Three things that should never collapse into one sentence
The handoff summary fuses three things that need to stay separate.
"The API test passed" is evidence. A verifiable claim about an observable event. "It looks ready to ship" is confidence, a judgment call based on the evidence, filtered through the agent's understanding of what "ready" means. "Ship it" is authority, a decision made by someone with the standing to make it, under whatever approval process governs the work.
Most agent handoff summaries blend all three into a single paragraph that reads as if the work has been evaluated, judged, and authorized. The receiving agent has no way to tell which parts are reporting facts, which are expressing opinions, and which are granting permissions. A useful handoff keeps these layers visible so the downstream agent knows whether it is inheriting a measurement, an assessment, or a directive.
This does not require a rigid schema. It requires the summary to be honest about what it knows and what it is guessing. Two sentences at the bottom of a natural-language handoff ("These claims are verified against test output; this assessment of readiness is my judgment, not a stakeholder approval") would prevent most confidence laundering chains before they start.
The flexibility objection
The strongest counterargument is genuinely compelling: the reason LLMs work as agents is precisely that they can handle messy, informal, natural-language context.

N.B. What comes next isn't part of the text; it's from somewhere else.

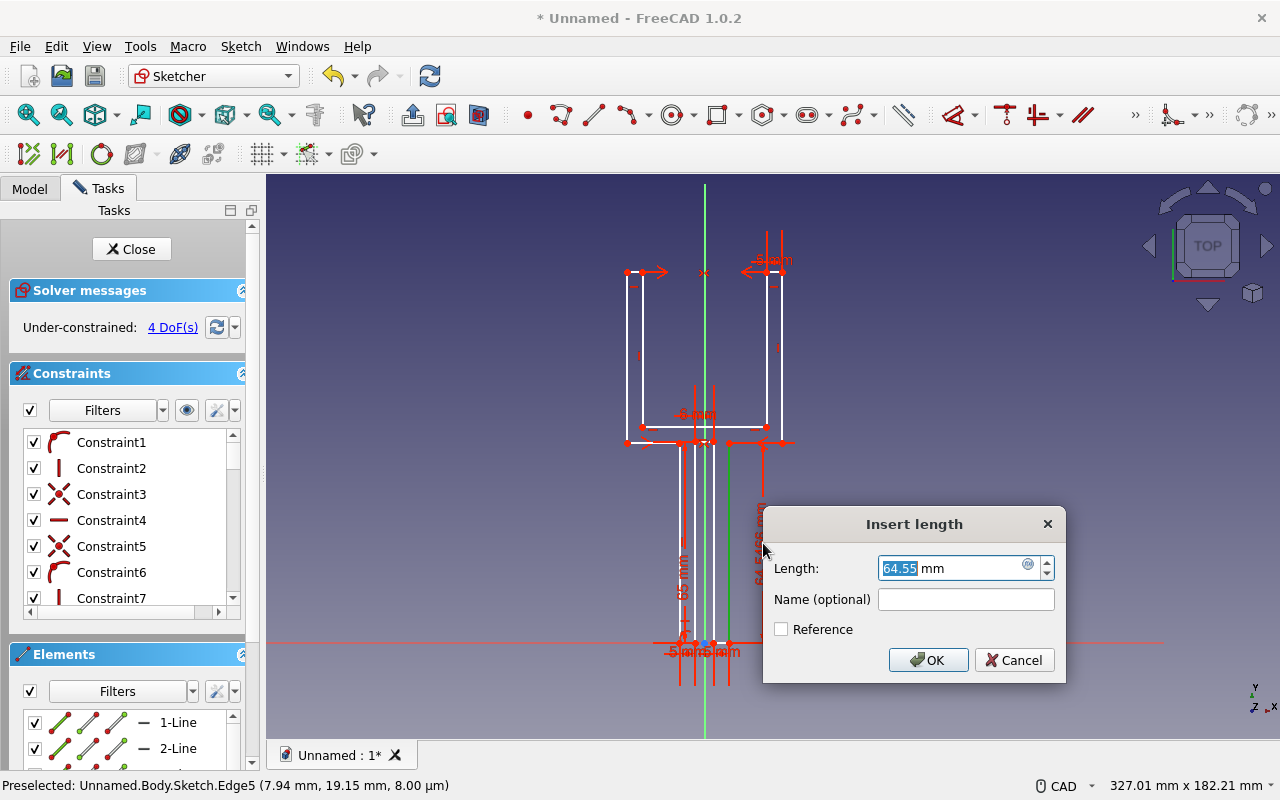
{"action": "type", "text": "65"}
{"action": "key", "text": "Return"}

Forcing structured handoff packets strips out the flexibility that makes agents better than traditional software in the first place.
This is a real tension, and the answer is not to replace natural language with JSON schemas. What matters is consequence. If the downstream agent is drafting a document or brainstorming options, a loose summary is fine. If it can spend money, contact customers, deploy code, publish claims, or change records, the system needs more than a story. It needs the summary to carry provenance: which claims are grounded in evidence, which are inferences, what questions remain open, who owns the next action, and what approval governs it.
The right handoff is a receipt, not a constitution. Small enough to use, explicit enough to audit.
Making failure reconstructable
Human organizations solved this problem with boring infrastructure: tickets, chart notes, warehouse receiving slips, signoff sheets, commit messages. When something goes wrong in a hospital, someone can trace the chart. When a shipment is lost, someone can trace the receiving log. The record does not prevent every error, but it makes errors reconstructable, which means they can be understood, attributed, and corrected.
Agent systems today mostly lack this layer. When a multi-agent workflow produces a bad outcome, the forensic question is: which agent made the call, based on what information, under whose authority? If the answer requires reading thousands of tokens of unstructured transcript and guessing where the confidence upgrade happened, the system cannot learn from its failures. It can only be restarted and hoped to do better.
The receipt is the primitive that makes coordination accountable. It records what moved, when, from whom to whom, based on what evidence, under what authority. Agents need the same boring machinery that human organizations have been building for centuries, because when work moves between people, or between agents, someone has to be able to reconstruct why.
The transcript still matters. When something breaks, someone will need the full messy record — the hedging, the abandoned ideas, the moment a question became an assumption.
But the next agent in the chain does not need the full record. It needs to know what is true right now, how confident that claim is, and who is responsible for what happens next. A shared story can make every agent feel informed. Only shared state can make the next action accountable.